Sementara Puspa Dewi, Kepala Divisi Kampanye WALHI, menilai pidato Presiden Jokowi membanggakan capaian pencapaian pertumbuhan ekonomi nasional melalui Proyek Strategis Nasional (PSN) dan program-program unggulan.

Namun pencapaian-pencapaian ini menimbulkan pertanyaan seberapa jauh PSN sejalan dengan agenda mitigasi dan adaptasi perubahan iklim.

“Tidak ada evaluasi bagaimana PSN memiliki peta jalan spesifik tentang penurunan emisi dan bagaimana PSN menaikkan atau menurunkan kapasitas adaptasi wilayah, bahkan beberapa PSN justru menambah ancaman krisis iklim,” kata Dewi seraya menunjukkan bahwa aksi mitigasi dan adaptasi perubahan iklim masih bersifat terpisah.

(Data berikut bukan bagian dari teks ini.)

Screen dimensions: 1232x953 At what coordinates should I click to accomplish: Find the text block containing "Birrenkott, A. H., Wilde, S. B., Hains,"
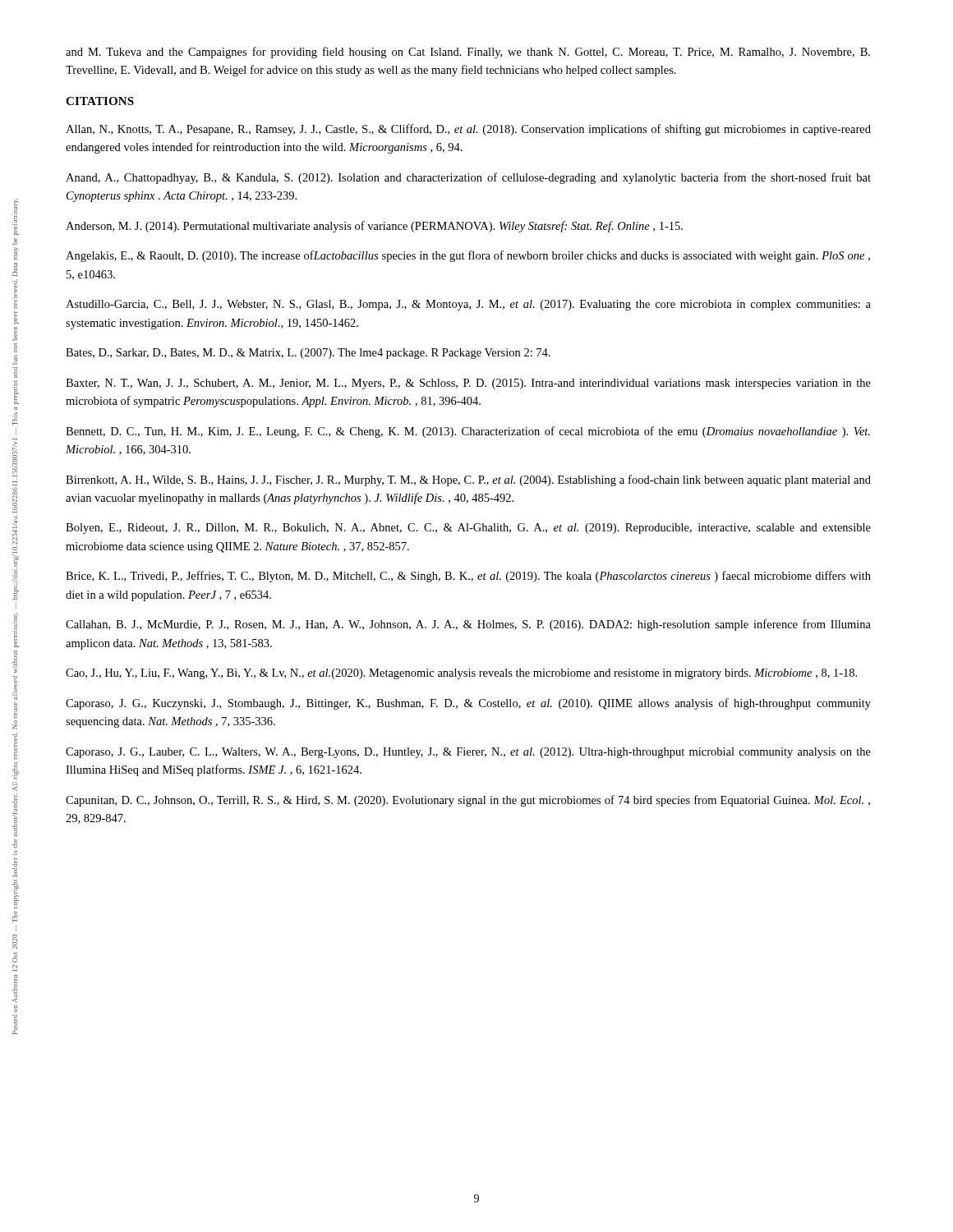468,488

Berbagai indikator pembangunan tidak memasukkan indikator penurunan emisi dan kemampuan adaptif.

Aksi mitigasi terutama di sektor energi dan FOLU (forest and other land use) juga belum memiliki skema dan menjamin transisi dan resiliensi berkeadilan.

“Terbukti dengan terjadinya trade off bahkan pengorbanan lingkungan dan warga di berbagai tempat demi mencapai tujuan mitigasi, misalnya dalam hilirisasi nikel untuk mendukung elektrifikasi.”

“Kerusakan lingkungan, konflik sosial, hingga bencana ekologis menjadi bagian inheren dari tindakan mitigasi dan adaptasi perubahan iklim saat ini,” kata Dewi.